I found the atmosphere and composition of staff at SISU very comparable to what I experience in Leiden. Dress code and mores are rather similar. Hua had arranged several meetings to introduce me to other staff members, also from other universities in Shanghai. The law department has a very nice lecturers’ room, comparable to those in Dutch secondary schools, where staff can drink tea and socialise, but also work and read the newest issues of journals and books. An example to follow, I would say, to encourage collegiality. Staff and students speak very well English, and often also other foreign languages. Two of my colleagues, for example, also spoke perfect German. SISU is a renowned university for languages with a relatively small law department. Many people I have met have studied abroad, in Europe or the US. Regarding my own ability to learn Chinese, I was heavily disappointed: after two weeks I was hardly able to pronounce simple words in a correct way.

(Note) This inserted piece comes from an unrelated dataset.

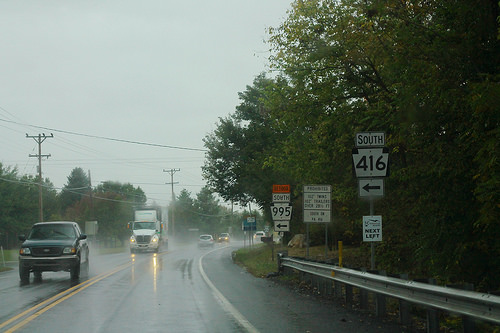<image>
Can you confirm if the car is to the right of the tree? No. The car is not to the right of the tree. The horizontal positioning shows a different relationship. 
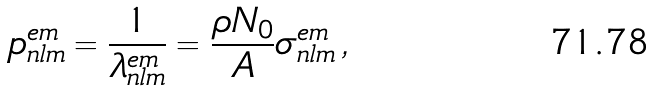Convert formula to latex. <formula><loc_0><loc_0><loc_500><loc_500>p _ { n l m } ^ { e m } = \frac { 1 } { \lambda _ { n l m } ^ { e m } } = \frac { \rho N _ { 0 } } { A } \sigma _ { n l m } ^ { e m } \, ,</formula>

Of course, there were also many things very different. Most obvious was the lack of access to Gmail, Google, Whatsapp and Facebook. Furthermore, many websites are not accessible, and the lack of a good search engine impedes research on the internet. Getting around was another challenge. Hua had arranged an app on my phone to use a city bike. Everywhere in the city, you can unlock a bike and after use lock it again wherever you want. But because of the dimension of the city with so many streets, and also many rules (one way, forbidden for cyclists, etc.), as well as the heavy traffic and many people, my travels often resulted in a big detours with double travel time. Something else was the vast presence of the Communist Party. My second week coincided with the 19th National Congress of the Communist Party of China, which led to party meetings at the university, increased security measures in the city and 24-hours reporting on television. Last but not least, I was highly impressed by the patience people have when waiting in long lines for tickets, shops, restaurants, etc. in this enormous city of almost 30 million people. Shanghainese are hardworking people, do not complain and are proud to be living in Shanghai!

When travelling back to the Netherlands, I watched the film ‘Lost in Translation’ in the plane, recognising several feelings and emotions. Looking back, I nevertheless feel that I have a better understanding of Chinese culture and of my Chinese students. Shanghai got under my skin and already started to feel a little bit like home.,.